# Work instruction
The entries that follow include a run beginning at the line with "40. person at [29, 473, 79, 583]" and ending at the line with "46. utility cabinet at [1028, 489, 1036, 524]"; restate that run word for word and leave the rest out.

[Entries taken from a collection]
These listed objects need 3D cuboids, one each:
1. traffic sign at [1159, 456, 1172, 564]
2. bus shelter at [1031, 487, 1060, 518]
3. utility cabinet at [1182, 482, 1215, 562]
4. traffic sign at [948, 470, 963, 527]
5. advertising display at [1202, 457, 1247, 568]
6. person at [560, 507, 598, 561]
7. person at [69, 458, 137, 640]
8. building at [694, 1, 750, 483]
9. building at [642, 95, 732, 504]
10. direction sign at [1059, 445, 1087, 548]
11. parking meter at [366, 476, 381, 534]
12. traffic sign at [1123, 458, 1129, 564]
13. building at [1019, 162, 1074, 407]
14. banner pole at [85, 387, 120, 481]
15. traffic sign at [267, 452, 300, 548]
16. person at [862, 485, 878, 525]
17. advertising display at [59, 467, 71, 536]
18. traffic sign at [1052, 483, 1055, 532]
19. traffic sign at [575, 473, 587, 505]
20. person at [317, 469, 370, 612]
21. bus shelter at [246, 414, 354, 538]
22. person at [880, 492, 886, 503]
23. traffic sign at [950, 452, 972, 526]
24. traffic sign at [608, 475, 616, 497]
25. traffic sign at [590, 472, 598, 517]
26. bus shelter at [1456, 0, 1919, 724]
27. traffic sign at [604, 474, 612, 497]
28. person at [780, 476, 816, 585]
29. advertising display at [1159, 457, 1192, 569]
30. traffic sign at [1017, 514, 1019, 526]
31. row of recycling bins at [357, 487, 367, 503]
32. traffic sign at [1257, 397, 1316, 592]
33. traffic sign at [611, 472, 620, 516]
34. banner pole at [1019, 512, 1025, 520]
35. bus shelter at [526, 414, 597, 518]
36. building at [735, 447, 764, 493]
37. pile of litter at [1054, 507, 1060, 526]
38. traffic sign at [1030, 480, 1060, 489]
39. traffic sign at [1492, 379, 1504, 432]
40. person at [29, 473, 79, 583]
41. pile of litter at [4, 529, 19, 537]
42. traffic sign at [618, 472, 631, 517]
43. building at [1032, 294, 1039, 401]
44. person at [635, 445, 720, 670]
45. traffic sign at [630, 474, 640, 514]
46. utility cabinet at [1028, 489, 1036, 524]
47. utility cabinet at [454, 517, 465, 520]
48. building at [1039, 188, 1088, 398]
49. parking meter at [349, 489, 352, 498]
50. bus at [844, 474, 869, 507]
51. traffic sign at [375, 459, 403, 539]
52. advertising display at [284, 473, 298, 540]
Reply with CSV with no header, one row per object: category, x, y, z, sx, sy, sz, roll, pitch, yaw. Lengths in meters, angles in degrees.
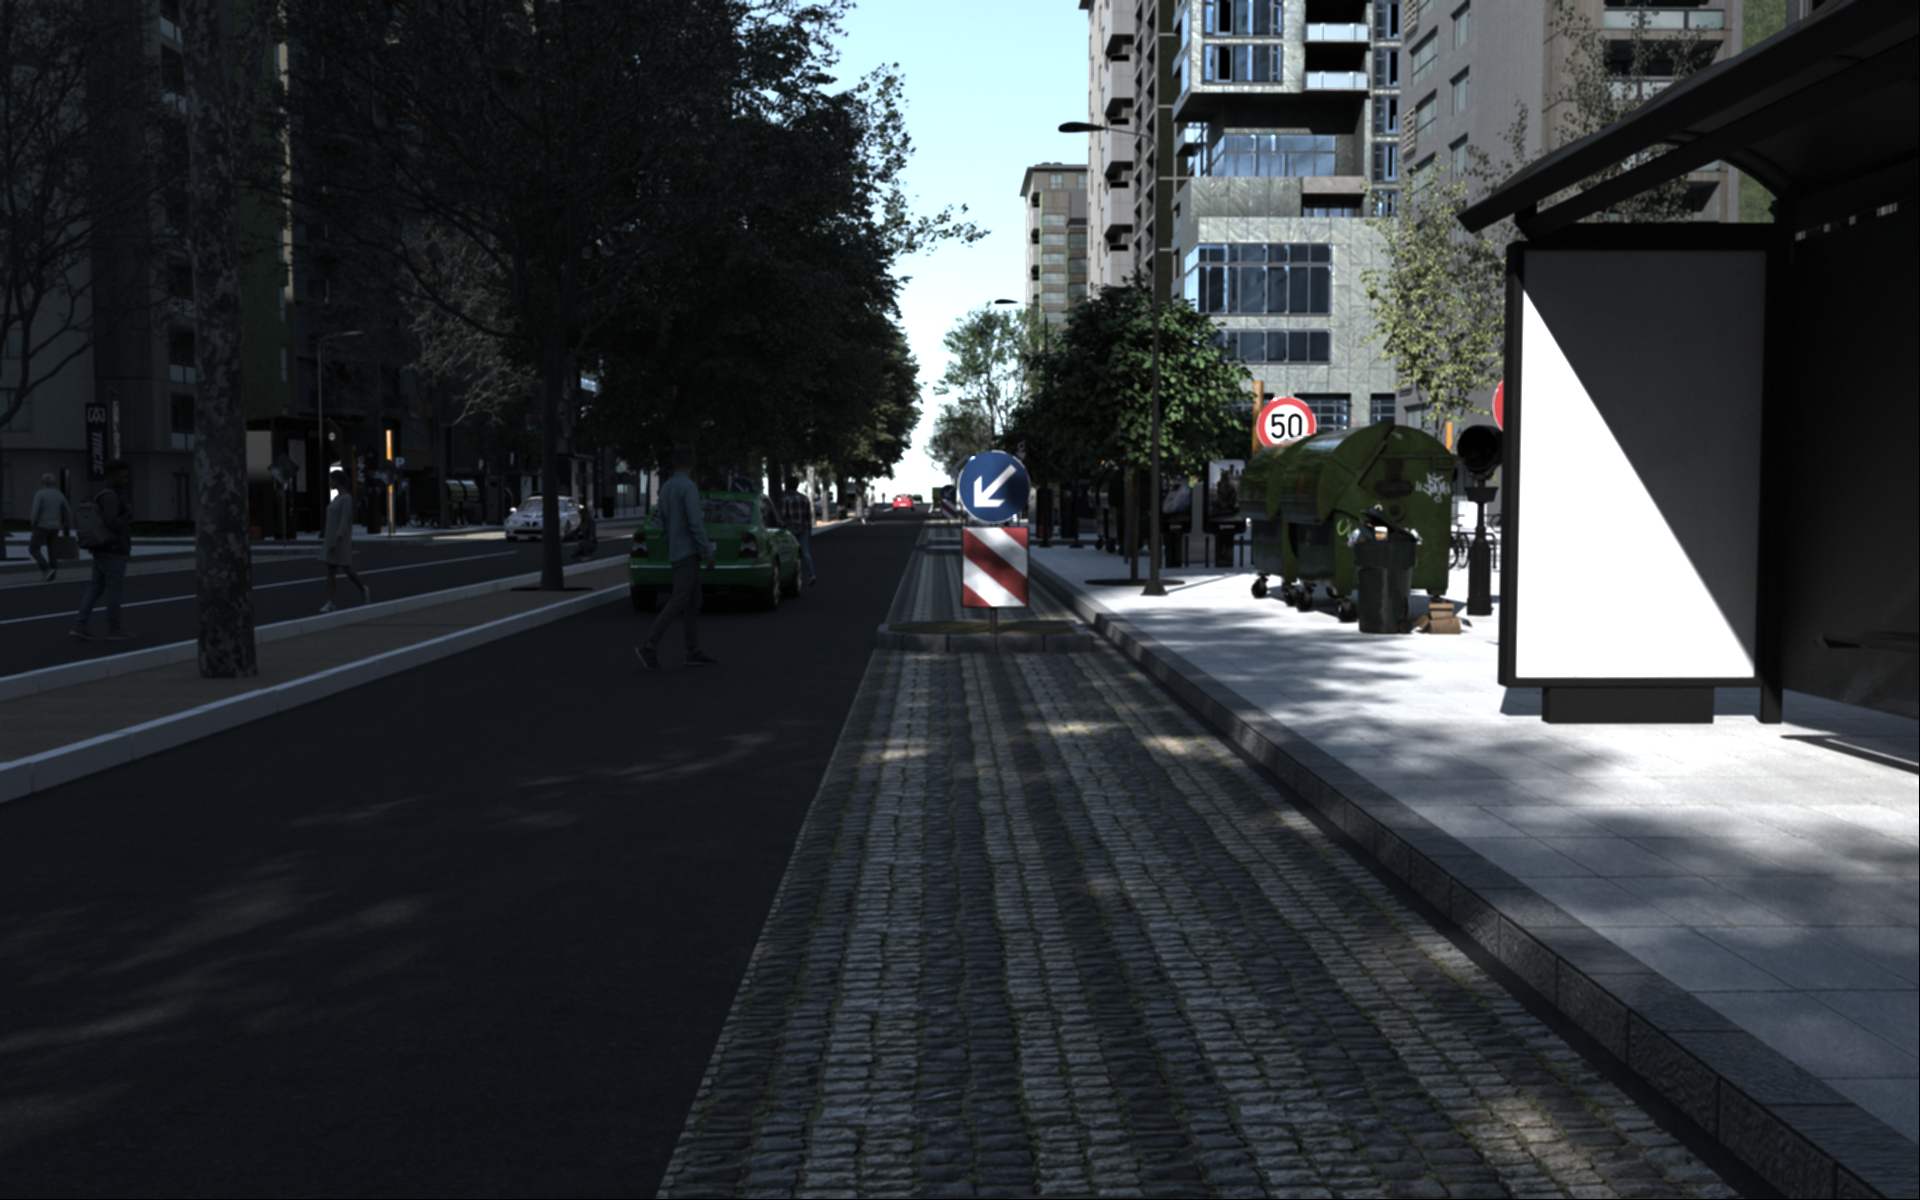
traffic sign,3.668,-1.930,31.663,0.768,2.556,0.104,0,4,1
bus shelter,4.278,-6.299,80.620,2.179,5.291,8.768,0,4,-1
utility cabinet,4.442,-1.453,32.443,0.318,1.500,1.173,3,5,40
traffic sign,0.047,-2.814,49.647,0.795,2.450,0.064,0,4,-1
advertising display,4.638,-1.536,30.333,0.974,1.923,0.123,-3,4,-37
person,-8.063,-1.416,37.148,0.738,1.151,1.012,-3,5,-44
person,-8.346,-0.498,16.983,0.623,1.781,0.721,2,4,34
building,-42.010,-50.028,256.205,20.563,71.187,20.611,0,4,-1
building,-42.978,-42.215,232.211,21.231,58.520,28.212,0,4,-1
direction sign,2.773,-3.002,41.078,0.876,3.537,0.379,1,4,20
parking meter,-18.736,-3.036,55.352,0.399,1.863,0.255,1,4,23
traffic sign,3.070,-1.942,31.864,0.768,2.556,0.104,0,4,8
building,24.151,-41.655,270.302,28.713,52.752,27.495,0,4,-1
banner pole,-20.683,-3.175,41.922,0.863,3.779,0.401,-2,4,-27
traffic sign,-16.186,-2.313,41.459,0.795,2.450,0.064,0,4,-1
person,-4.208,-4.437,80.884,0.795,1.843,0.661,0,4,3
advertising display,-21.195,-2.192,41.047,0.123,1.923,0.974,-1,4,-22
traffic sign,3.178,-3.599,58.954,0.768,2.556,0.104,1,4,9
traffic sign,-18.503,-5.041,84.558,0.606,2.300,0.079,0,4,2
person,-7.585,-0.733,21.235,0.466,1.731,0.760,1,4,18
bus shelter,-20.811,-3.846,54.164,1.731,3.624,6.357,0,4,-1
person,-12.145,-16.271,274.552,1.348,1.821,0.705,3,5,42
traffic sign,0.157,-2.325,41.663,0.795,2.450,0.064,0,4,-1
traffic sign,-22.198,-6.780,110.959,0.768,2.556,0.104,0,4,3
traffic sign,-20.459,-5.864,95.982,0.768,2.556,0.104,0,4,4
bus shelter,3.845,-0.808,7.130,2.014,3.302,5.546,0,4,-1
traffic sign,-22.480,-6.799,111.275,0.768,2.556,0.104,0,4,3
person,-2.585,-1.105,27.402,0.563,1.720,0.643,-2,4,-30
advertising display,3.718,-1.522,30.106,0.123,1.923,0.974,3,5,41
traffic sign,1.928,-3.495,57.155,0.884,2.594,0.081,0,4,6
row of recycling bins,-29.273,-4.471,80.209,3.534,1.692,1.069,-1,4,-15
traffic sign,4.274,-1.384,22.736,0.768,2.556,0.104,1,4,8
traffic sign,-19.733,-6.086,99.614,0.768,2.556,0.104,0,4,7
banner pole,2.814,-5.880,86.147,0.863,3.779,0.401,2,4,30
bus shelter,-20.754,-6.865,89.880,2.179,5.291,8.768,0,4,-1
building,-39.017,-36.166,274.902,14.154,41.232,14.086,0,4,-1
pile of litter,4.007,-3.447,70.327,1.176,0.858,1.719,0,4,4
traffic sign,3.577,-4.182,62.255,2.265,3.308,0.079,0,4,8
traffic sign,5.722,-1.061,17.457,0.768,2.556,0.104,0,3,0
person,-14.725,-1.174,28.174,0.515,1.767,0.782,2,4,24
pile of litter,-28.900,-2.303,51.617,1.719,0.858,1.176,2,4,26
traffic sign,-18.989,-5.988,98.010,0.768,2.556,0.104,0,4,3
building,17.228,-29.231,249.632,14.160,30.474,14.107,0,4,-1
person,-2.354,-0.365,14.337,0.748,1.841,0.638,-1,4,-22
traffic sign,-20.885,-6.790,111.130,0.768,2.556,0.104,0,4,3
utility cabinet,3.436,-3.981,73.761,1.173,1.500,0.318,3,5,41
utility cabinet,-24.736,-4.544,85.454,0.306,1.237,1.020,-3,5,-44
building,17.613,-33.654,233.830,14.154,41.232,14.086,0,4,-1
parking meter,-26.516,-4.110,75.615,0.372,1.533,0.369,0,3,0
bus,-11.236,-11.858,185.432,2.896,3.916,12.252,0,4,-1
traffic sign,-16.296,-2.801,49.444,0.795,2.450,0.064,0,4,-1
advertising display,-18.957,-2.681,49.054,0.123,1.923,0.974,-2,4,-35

# Answer for the task
40. person at [29, 473, 79, 583]
41. pile of litter at [4, 529, 19, 537]
42. traffic sign at [618, 472, 631, 517]
43. building at [1032, 294, 1039, 401]
44. person at [635, 445, 720, 670]
45. traffic sign at [630, 474, 640, 514]
46. utility cabinet at [1028, 489, 1036, 524]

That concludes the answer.